São as águas de março

"É pau, é pedra, é o fim do caminho...". Quando Tom Jobim escreveu essa música tenho certeza que ele não havia associado às enchentes que, posteriormente, assolariam a cidade de São Paulo a cada chuva mais forte. O transbordamento de córregos e a maré alta de lixo invadindo casas, destruindo presentes e desacreditando futuros.
O pobre olha para cima num dia acinzentado e olha para baixo, para os poucos pertences que possui e quer acreditar que nada de ruim acontecerá ali, em seu pequeno espaço. Às vezes, não é o que acontece. Só que essa mesma pessoa não se lembra de olhar para os lados quando joga um lata de refrigerante janela afora do ônibus ou amassa e despreza um pedaço de papel qualquer. Nem ele e nem muitos milhões como ele. Que acontece então? Junte milhões de pequenos pedaços de papel escoando lentamente pelo bueiros da cidade, entupindo as bocas-de-lobo e toda a tubulação de esgoto da cidade... chegam as águas de Fevereiro, Abril, Julho, Dezembro... chegam as águas de Março e: "... é pau, é pedra, é o fim do caminho..."
Muita desgraça no mundo poderia ser evitada ou amenizada justamente pelos que são desgraçados. Criticar e lamentar a dor do próprio umbigo tornou-se atividade recorrente mas refletir sobre o que esse umbigo poderia fazer para evitar a dor. Bem, isso não é levado em consideração.

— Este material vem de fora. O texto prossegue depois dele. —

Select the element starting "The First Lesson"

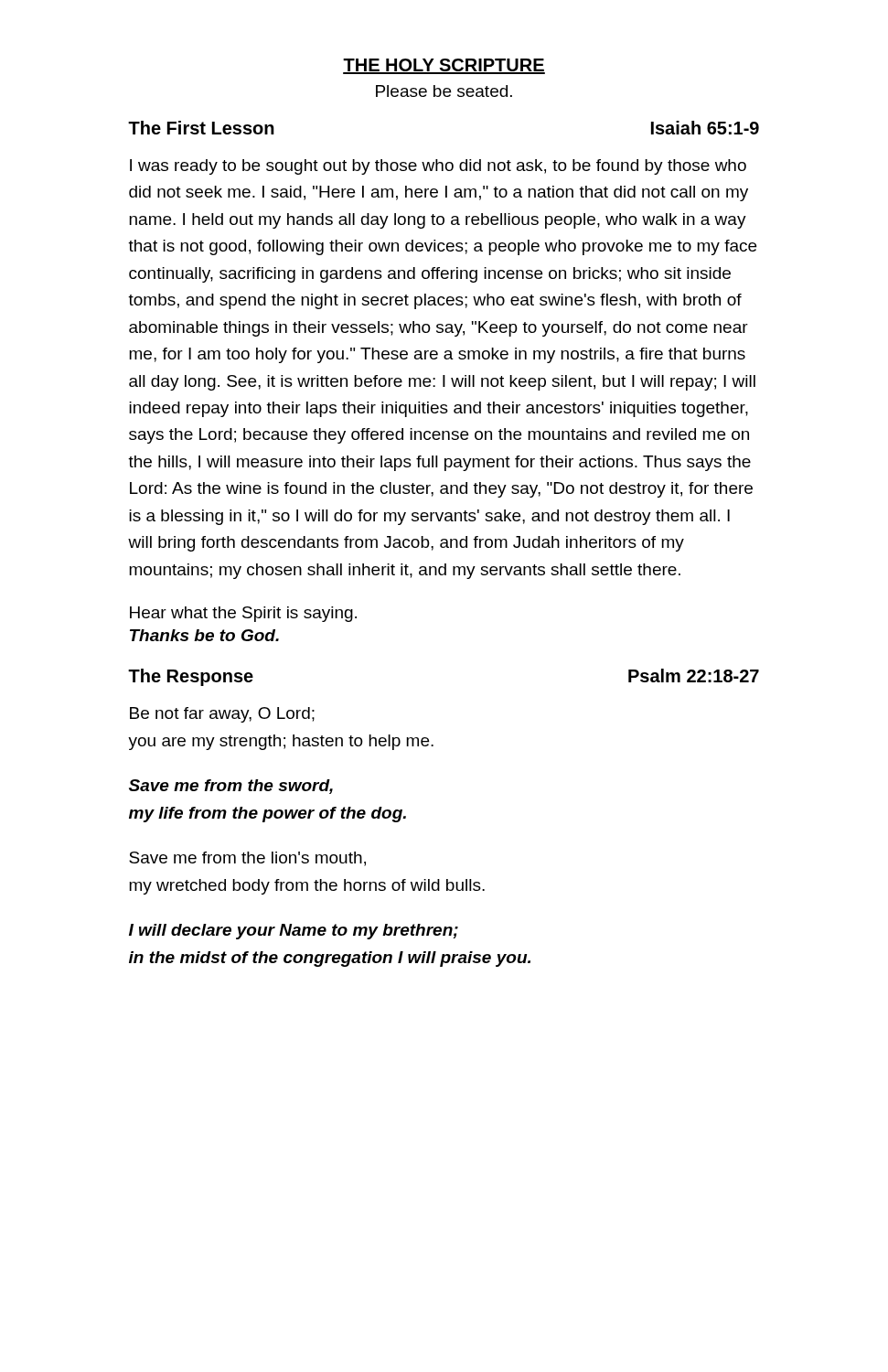click(x=198, y=127)
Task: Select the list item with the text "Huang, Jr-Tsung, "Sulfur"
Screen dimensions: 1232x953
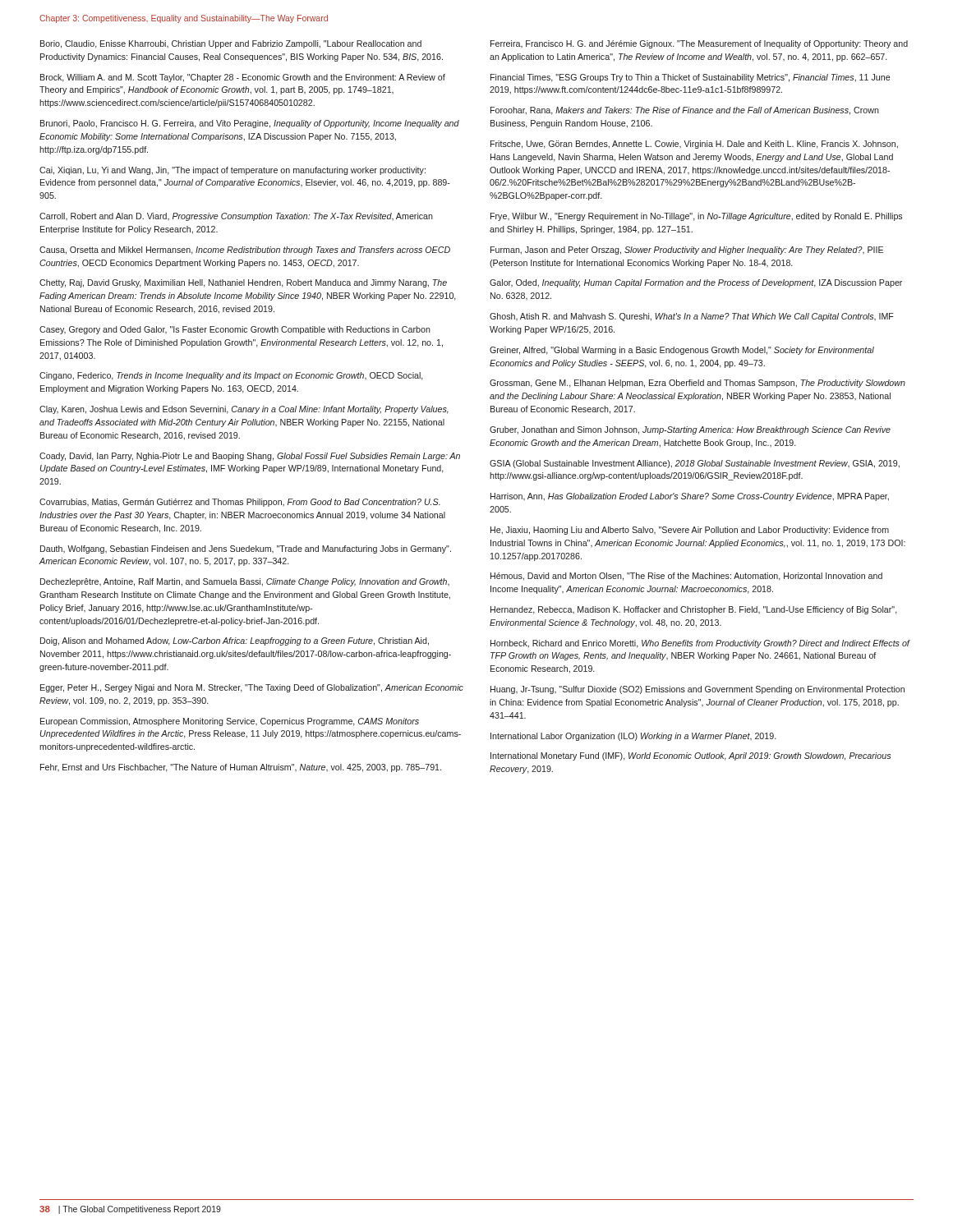Action: 697,702

Março chegou, suas águas ainda não. Aliás, o calor tem sido infernal nestes tempos de mudança climática. Mas a chuva virá, estou certo. E quando isso acontecer, vamos nos lembrar que se não tivesse sido jogado aquele papel, aquela latinha, aquele sofá velho (!) na rua, não haveria o pau e a pedra invadindo a sala da casa de alguém. Não seria o fim do caminho.